The Pittsburgh Pirates have called it their spring home since 1969. Roberto Clemente and Willie Stargell have played here. So have opponents like Willie Mays, Sandy Koufax and Hank Aaron. Roy Berger’s played here four times, too.
But Tuesday was different kind of perfect day. McKechnie Field seats 8,500 baseball lovers. On Tuesday there were still about 8,480 good seats remaining as our Pirates fantasy camp game started thirty minutes before noon.
However the most important seat in the joint, to me, was occupied by the eighty-seven year old father of the now nervous first baseman at-bat.
Today was the first time since 1964 my dad watched me play a baseball game. Yes, we both may beyond our baseball primes, but the day was still incredibly important and emotional to me.
Herb Berger figured it was about time he ventured four hours across the state from his Fort Lauderdale area home to see for himself what my baseball life renaissance, he has read and heard about incessantly for the past six years, was really all about.
NInety minutes earlier we lead the game 9-2, but I had a feeling it wouldn’t hold. The guys we played scored over forty runs in two games on Monday, so it was just a matter of time before they broke out. We, on the other hand, had won one of our previous three games. On cue, they rallied to take a 14-12 lead to the top of the seventh, the last inning. We got one back before opposing manager, Bruce Kison, a 115 game winner in the big leagues, strolled to the mound and made a pitching change.
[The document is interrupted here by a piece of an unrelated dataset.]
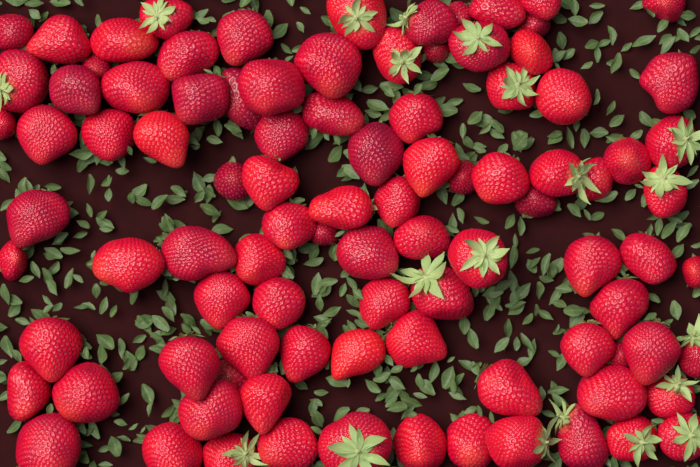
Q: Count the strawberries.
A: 96
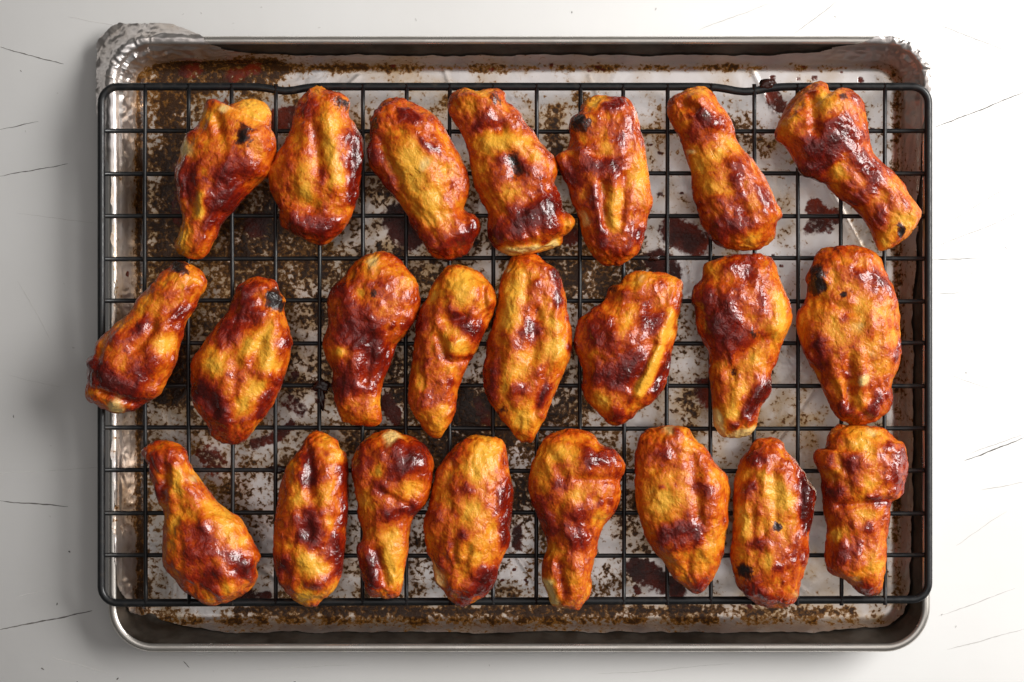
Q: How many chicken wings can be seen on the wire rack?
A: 23
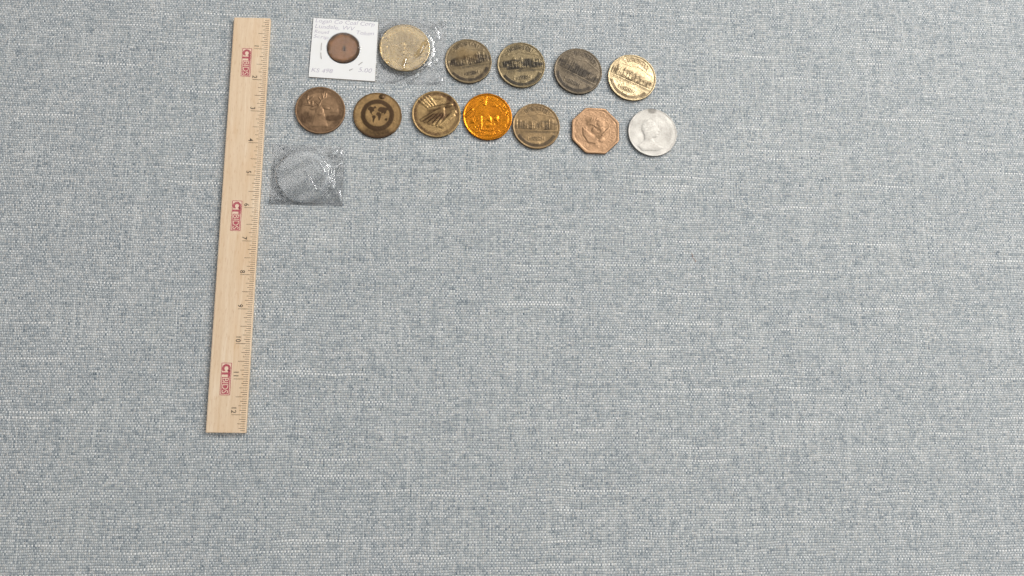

He brought in thirty-two year old Lance Gillespie, who stands all of six-five and has a body to match. He’s the son-in-law of camp veteran Bill Sirakos. Gillespie struck out good guy John Beran swinging for the second out.
In November, 2014, with a game on the line wearing Yankees camp pinstripes, I delivered in almost the same situation with a bases-loaded game winning single to beat the undefeated defending camp champs. I was pretty much certain then, the same situation wouldn’t play itself out again in my lifetime.
But here we were on Tuesday. As the visiting team, the other guys still had an at-bat, so no matter the heroics, it wouldn’t be a walk-off.
As I walked to the plate and the PA announcer called my name, Gillespie didn’t look fazed in the least. I cleared the dirt from the batter’s box and tried to get my knees to stop knocking. I knew whatever hope we had to beat the division leaders was on my bamboo bat. I dug in and looked at Gillespie. Giving away thirty-one years, I was clearly overmatched by the good looking kid. At that moment, only sixty feet, six inches away, he looked like a combination of past intimidating hard throwers Bob Gibson, Don Drysdale and Herman Munster.
I was determined to do whatever it took to get the tying run in from third. If I needed to get hit by a pitch, I would. It already happened twice this week. A base-on-balls would be a little less painful; a base hit more of the dream continuing.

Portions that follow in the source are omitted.